Status
Current state: Under Discussion
Discussion thread: here [Change the link from the KIP proposal email archive to your own email thread]
JIRA:
-
KAFKA-18455Getting issue details...
STATUS
Please keep the discussion on the mailing list rather than commenting on the wiki (wiki discussions get unwieldy fast).
Motivation
Currently, when clients attempt to establish connections to a broker and encounter throttling or exceeding the maximum connection limit (waiting for an available connection slot), the broker does not provide any logs or metrics for these scenarios. Clients only receive connection timeout exceptions, which provide insufficient information for troubleshooting. We can enhance observability and help users effectively diagnose connection issues by implementing additional connection-related metrics.
Public Interfaces
MetricName | Type | Group | Tag | Description | JMX Bean |
---|---|---|---|---|---|
${listener_name}WaitingConnection | Gauge | Acceptor | listener:<listener_name> | Waiting connections for the specific listener | kafka.network:type=Acceptor,name=${listener_name}WaitingConnection,listener={listener_name} |
Proposed Changes
We propose adding metrics described in the Public Interfaces section, which could help users effectively diagnose connection quota issues.

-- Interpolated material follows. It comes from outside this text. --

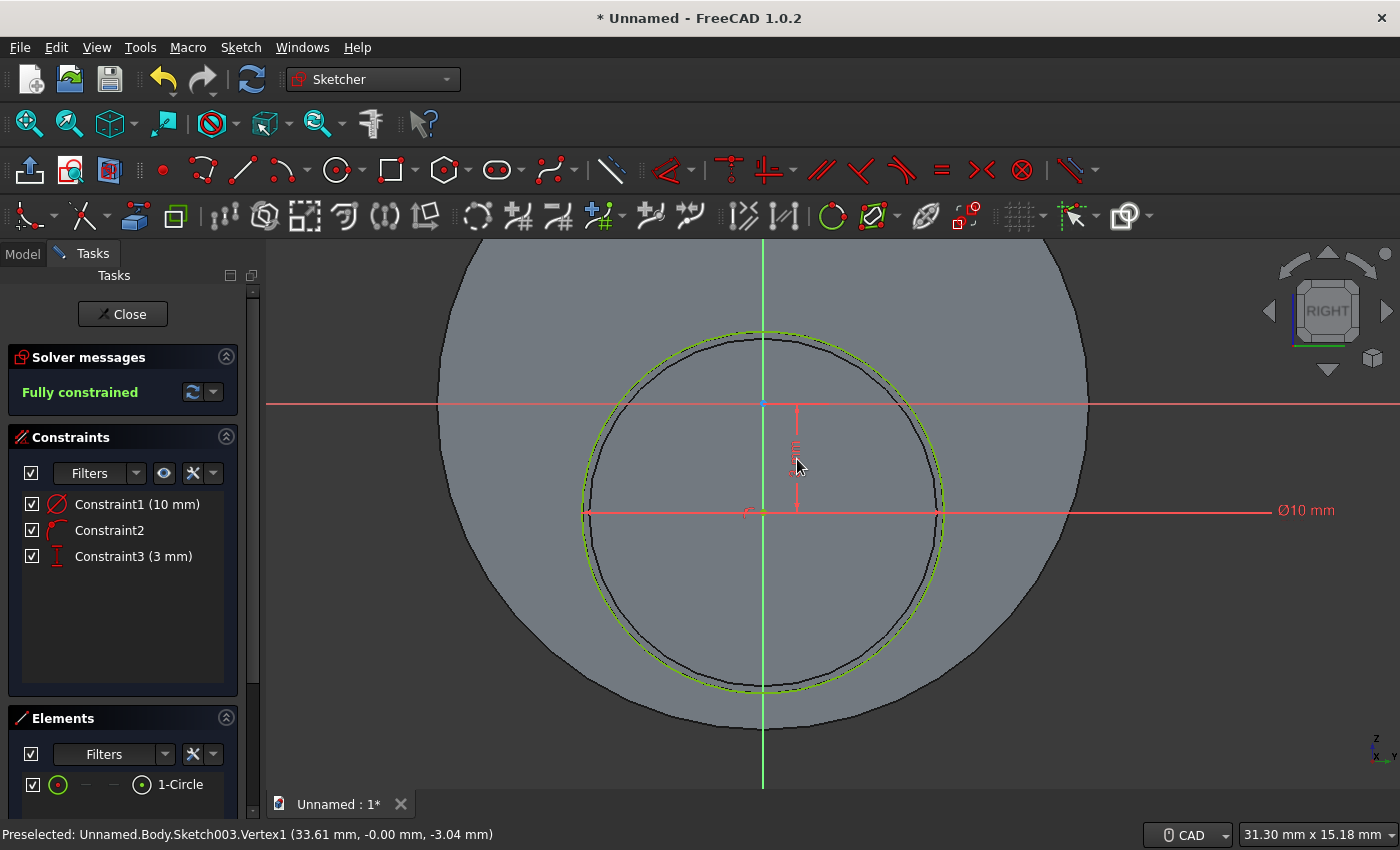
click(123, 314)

Compatibility, Deprecation, and Migration Plan
N/A.
This a new metric, there are no compatibility concerns.
Test Plan
The new metrics will need unit and integration tests to prove their correctness.
Rejected Alternatives
Adding logs to the SocketServer
This alternative was rejected because Kafka is a high-throughput system handling numerous concurrent connections.

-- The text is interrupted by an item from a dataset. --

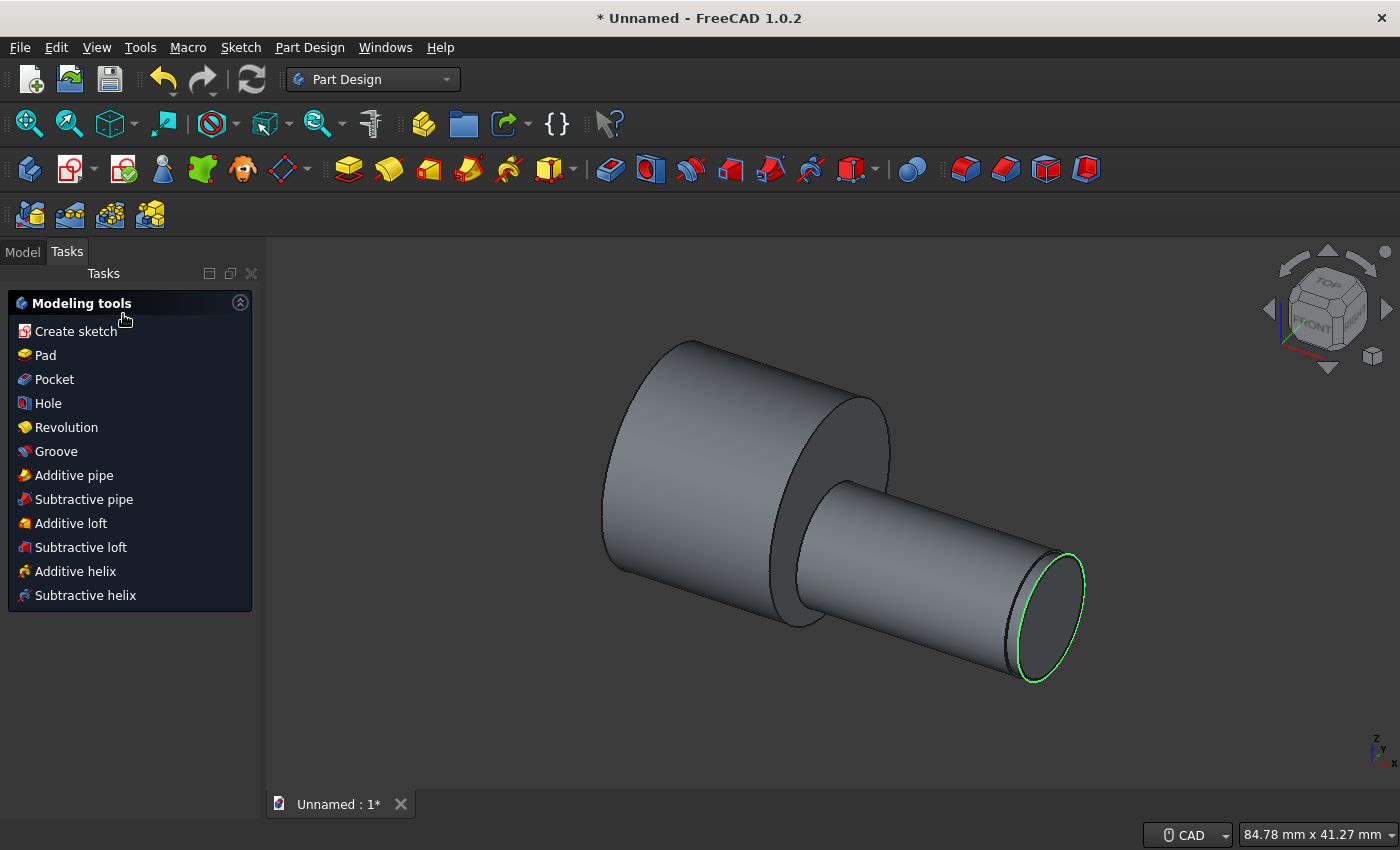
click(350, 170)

Adding logs for connection throttling and limit exceeded scenarios would likely result in log flooding, potentially causing:
- I/O overhead
- Storage space issues
- Identifying critical issues among the massive volume of connection logs would be super annoying
Using metrics instead of logs provides a more suitable solution for monitoring connection states without the overhead of extensive logging.